Activity: The number of lines holding "dimension" is all you should give; count them in the records below.
** Opening Source records block **
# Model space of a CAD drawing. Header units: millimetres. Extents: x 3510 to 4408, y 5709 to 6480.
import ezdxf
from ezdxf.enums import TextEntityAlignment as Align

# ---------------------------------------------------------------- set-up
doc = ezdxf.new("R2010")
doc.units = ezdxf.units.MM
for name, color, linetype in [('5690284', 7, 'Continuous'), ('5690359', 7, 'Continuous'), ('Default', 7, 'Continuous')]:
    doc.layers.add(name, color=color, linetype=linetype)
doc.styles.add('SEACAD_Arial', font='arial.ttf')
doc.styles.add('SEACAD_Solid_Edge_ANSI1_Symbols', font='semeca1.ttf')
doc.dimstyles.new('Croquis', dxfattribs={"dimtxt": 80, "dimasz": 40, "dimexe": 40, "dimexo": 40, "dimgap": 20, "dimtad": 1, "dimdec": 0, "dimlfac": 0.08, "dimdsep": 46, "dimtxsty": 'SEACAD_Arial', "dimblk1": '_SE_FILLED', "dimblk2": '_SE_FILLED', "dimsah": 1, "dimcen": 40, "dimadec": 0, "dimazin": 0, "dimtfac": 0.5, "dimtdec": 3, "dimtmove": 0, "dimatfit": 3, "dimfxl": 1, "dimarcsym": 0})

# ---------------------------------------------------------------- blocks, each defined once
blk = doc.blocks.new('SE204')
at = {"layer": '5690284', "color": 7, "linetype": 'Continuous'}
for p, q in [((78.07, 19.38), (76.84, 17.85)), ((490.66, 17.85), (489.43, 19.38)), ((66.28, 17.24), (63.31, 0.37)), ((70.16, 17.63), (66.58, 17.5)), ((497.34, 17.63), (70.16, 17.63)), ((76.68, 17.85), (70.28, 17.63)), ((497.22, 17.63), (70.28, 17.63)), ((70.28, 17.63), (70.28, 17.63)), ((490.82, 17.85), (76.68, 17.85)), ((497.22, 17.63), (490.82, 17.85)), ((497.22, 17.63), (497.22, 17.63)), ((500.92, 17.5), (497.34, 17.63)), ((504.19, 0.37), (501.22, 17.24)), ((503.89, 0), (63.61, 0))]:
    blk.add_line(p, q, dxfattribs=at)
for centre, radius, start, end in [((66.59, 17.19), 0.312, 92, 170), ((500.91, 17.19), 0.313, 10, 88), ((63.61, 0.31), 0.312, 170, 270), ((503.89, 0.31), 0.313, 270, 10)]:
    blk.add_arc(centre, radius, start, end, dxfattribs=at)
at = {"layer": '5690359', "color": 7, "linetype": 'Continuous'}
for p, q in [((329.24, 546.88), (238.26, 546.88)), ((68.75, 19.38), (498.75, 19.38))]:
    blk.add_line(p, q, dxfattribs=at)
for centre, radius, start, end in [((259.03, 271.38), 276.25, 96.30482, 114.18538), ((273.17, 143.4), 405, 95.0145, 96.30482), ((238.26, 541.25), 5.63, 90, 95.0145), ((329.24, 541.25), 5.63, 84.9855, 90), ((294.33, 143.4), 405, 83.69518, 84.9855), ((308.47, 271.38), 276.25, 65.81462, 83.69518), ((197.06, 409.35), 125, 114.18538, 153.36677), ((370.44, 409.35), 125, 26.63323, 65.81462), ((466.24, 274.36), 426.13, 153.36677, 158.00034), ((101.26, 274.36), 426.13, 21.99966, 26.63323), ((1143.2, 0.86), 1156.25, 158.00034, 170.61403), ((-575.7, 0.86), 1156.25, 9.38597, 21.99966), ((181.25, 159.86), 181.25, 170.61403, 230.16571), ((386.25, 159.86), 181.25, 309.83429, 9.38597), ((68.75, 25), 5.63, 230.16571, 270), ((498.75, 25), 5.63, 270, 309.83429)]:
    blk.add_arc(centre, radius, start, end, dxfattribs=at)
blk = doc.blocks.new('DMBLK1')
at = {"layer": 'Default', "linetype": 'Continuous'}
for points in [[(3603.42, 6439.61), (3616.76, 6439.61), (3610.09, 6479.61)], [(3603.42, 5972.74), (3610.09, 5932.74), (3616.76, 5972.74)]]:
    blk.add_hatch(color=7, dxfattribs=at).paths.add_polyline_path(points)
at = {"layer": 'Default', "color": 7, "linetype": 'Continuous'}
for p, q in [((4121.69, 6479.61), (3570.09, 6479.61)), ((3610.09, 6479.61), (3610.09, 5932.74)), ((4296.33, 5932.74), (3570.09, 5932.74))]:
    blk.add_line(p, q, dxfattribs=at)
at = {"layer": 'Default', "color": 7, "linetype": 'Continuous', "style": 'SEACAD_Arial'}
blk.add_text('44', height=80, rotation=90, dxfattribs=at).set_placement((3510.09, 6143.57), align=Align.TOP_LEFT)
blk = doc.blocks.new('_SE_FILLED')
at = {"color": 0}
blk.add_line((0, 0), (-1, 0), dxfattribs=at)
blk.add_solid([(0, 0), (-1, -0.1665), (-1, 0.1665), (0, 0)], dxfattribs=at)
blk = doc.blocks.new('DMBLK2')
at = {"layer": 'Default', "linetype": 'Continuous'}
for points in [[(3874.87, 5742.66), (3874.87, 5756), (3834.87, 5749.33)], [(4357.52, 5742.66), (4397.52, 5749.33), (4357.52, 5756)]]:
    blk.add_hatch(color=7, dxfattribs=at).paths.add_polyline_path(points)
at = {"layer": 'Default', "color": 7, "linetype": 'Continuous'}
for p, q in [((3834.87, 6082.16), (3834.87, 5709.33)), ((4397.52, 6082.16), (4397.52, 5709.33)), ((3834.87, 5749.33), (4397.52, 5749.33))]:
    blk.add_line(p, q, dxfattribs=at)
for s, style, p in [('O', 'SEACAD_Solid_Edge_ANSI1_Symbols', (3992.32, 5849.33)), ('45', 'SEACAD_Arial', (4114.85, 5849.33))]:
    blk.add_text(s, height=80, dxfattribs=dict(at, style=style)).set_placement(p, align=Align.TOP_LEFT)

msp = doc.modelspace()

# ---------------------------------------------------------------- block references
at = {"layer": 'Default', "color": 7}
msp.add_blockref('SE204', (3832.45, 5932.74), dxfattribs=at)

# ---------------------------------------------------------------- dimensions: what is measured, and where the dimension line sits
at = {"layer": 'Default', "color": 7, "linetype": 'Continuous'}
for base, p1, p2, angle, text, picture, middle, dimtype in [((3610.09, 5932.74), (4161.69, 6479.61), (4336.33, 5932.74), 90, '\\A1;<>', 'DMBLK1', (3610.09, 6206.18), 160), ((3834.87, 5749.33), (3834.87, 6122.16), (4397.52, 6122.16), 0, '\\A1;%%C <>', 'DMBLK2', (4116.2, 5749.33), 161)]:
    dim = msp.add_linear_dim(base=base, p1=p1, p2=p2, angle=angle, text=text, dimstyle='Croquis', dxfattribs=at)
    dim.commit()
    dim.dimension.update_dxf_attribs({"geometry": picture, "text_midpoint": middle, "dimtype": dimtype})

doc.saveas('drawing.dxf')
** Closing Source records block **
Answer for this exercise: 2